Hopefully the weaknesses of specific outsiders can work more like demon anathemas where specific acts have powerful effects over them, rather than just needing the right magical material to universally effect all X outsiders.


Jacob Jett wrote:
Squiggit wrote:

Yeah, because there's no mess. It hardly changes anything, it's certainly not taking a "chainsaw to the setting" (like, honestly getting rid of spell schools is a bigger deal than that and that also barely matters).

No stories are lost, because why would there be?

Errrr...this would definitely affect my stories but then again I can house rule it. Kinda like I can rejigger classes to suit via house rules.

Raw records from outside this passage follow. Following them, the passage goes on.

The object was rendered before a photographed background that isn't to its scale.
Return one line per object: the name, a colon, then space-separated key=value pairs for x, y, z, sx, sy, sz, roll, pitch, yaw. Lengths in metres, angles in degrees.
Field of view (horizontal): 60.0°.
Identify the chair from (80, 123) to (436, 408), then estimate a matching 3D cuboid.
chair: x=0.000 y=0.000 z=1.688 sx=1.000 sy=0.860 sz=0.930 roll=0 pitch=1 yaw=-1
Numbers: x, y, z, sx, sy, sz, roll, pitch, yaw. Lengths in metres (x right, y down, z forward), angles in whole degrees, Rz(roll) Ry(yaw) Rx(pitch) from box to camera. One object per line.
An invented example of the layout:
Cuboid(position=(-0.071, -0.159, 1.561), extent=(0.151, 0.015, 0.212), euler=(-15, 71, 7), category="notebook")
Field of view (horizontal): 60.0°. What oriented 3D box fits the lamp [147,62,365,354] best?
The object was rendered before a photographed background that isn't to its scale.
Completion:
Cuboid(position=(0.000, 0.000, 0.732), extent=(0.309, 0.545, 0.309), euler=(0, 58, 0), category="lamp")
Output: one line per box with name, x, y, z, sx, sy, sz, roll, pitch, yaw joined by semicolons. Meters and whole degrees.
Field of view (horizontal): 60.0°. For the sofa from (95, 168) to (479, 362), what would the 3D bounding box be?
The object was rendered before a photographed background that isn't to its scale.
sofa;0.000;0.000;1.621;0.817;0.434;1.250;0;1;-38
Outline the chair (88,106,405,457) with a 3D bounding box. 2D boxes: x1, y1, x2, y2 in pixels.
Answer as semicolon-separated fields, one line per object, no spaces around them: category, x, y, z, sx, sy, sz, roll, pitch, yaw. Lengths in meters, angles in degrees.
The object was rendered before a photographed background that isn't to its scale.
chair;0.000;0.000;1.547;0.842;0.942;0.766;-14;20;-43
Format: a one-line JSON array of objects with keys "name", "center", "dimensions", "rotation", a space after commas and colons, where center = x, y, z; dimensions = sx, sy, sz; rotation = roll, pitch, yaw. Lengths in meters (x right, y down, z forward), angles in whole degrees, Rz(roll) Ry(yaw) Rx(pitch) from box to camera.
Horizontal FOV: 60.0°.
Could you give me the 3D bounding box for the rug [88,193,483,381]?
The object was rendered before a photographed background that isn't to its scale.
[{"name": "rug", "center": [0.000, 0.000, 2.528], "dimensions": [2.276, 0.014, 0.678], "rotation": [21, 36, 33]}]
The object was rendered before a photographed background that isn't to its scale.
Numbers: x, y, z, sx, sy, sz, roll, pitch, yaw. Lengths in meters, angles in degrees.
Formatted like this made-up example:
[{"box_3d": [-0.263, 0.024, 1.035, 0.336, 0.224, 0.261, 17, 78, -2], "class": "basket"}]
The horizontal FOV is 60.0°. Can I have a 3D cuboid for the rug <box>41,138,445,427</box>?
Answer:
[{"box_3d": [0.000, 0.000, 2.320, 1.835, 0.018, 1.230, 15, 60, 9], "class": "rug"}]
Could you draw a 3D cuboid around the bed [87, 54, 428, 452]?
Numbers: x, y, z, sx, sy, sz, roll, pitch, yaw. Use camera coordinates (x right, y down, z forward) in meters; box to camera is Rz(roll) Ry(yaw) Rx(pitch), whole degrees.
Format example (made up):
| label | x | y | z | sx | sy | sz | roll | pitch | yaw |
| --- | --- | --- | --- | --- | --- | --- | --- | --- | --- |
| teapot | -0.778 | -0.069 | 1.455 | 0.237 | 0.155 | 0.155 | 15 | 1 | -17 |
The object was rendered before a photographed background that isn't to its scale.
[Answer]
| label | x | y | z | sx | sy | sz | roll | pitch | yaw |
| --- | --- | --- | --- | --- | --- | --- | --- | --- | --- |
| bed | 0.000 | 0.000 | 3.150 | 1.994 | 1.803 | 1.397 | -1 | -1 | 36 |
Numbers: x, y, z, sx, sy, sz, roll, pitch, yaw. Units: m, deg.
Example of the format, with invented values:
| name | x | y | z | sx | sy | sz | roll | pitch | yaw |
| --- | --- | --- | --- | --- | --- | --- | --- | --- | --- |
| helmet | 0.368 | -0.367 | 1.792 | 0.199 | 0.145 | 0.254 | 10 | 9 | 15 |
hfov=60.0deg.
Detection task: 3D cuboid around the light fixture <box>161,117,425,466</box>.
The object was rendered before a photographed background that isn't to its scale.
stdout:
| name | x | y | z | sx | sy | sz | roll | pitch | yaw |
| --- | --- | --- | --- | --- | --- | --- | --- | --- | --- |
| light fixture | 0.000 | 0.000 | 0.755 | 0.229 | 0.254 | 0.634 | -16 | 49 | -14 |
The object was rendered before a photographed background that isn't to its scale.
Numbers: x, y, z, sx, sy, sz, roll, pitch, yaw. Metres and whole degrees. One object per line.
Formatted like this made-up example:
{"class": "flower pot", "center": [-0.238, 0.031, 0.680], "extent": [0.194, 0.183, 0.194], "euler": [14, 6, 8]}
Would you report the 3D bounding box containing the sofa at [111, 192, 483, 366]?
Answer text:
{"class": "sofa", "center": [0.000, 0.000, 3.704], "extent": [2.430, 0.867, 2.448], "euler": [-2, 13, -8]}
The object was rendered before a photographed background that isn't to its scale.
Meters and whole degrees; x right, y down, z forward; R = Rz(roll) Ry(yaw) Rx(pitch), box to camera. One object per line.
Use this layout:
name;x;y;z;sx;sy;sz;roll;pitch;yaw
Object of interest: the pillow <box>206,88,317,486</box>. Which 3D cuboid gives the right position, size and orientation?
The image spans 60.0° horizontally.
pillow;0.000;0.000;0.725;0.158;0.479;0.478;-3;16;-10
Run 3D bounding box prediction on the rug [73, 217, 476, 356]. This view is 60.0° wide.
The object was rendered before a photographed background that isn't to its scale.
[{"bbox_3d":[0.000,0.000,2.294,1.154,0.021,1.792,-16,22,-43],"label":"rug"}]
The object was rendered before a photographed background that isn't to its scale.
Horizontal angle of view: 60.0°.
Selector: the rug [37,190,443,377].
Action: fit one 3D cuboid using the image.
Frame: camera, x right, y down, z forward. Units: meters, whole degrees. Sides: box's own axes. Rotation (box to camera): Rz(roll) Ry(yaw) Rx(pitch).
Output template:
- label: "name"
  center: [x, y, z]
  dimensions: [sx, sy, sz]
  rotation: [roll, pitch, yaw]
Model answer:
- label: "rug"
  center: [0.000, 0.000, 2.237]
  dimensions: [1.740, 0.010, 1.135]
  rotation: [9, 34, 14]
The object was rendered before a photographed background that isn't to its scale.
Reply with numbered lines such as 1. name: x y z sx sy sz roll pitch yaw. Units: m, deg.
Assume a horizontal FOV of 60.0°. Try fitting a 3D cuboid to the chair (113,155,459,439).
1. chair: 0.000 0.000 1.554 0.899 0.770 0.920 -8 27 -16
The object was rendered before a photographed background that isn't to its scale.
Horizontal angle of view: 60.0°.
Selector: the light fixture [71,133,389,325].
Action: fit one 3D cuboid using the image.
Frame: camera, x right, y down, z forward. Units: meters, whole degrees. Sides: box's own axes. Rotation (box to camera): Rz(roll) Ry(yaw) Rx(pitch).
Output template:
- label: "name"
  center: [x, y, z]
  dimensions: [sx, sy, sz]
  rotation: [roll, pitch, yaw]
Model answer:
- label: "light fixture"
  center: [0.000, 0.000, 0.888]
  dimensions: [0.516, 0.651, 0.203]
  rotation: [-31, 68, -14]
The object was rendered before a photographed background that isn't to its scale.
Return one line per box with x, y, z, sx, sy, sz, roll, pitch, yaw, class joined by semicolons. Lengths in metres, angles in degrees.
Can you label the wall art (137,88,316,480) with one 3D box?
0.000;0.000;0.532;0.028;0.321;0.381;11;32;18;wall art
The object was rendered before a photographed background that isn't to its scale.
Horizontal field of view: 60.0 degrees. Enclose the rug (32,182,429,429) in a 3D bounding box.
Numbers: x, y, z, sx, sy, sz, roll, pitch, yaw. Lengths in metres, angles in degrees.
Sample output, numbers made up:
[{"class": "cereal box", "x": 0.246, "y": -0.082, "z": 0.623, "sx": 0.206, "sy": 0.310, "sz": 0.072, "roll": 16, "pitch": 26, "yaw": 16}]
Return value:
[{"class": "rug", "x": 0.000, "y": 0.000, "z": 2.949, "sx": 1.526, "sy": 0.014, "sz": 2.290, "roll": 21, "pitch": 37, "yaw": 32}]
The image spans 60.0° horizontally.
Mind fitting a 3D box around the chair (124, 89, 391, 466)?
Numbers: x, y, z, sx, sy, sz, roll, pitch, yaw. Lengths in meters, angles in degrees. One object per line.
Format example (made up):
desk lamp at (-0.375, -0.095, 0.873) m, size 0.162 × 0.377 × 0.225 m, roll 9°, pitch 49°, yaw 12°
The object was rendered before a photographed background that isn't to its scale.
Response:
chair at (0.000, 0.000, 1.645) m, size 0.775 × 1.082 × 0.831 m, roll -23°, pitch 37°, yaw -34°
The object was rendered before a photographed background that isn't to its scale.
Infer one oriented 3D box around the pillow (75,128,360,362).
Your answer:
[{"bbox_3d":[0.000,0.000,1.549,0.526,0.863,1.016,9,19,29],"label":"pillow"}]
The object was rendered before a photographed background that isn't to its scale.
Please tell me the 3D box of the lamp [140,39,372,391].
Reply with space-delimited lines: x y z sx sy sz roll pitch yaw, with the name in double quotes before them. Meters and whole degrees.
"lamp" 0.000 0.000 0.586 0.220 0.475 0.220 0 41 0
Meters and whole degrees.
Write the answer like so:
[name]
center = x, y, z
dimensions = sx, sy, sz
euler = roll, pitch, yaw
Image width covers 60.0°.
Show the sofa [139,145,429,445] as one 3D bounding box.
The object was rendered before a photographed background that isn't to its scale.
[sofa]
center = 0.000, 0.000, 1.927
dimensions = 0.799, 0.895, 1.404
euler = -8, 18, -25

Having three Bestiaries (and more) tagged with alignment and relevant weaknesses means you won't have too much work, too.


Jacob Jett wrote:
Squiggit wrote:

Yeah, because there's no mess. It hardly changes anything, it's certainly not taking a "chainsaw to the setting" (like, honestly getting rid of spell schools is a bigger deal than that and that also barely matters).

No stories are lost, because why would there be?

Errrr...this would definitely affect my stories but then again I can house rule it. Kinda like I can rejigger classes to suit via house rules.

I mean is "Proteans take 5 more damage from this attack" really that central to any plotline?

I just have trouble visualizing it as much of a big deal, much less breaking the setting.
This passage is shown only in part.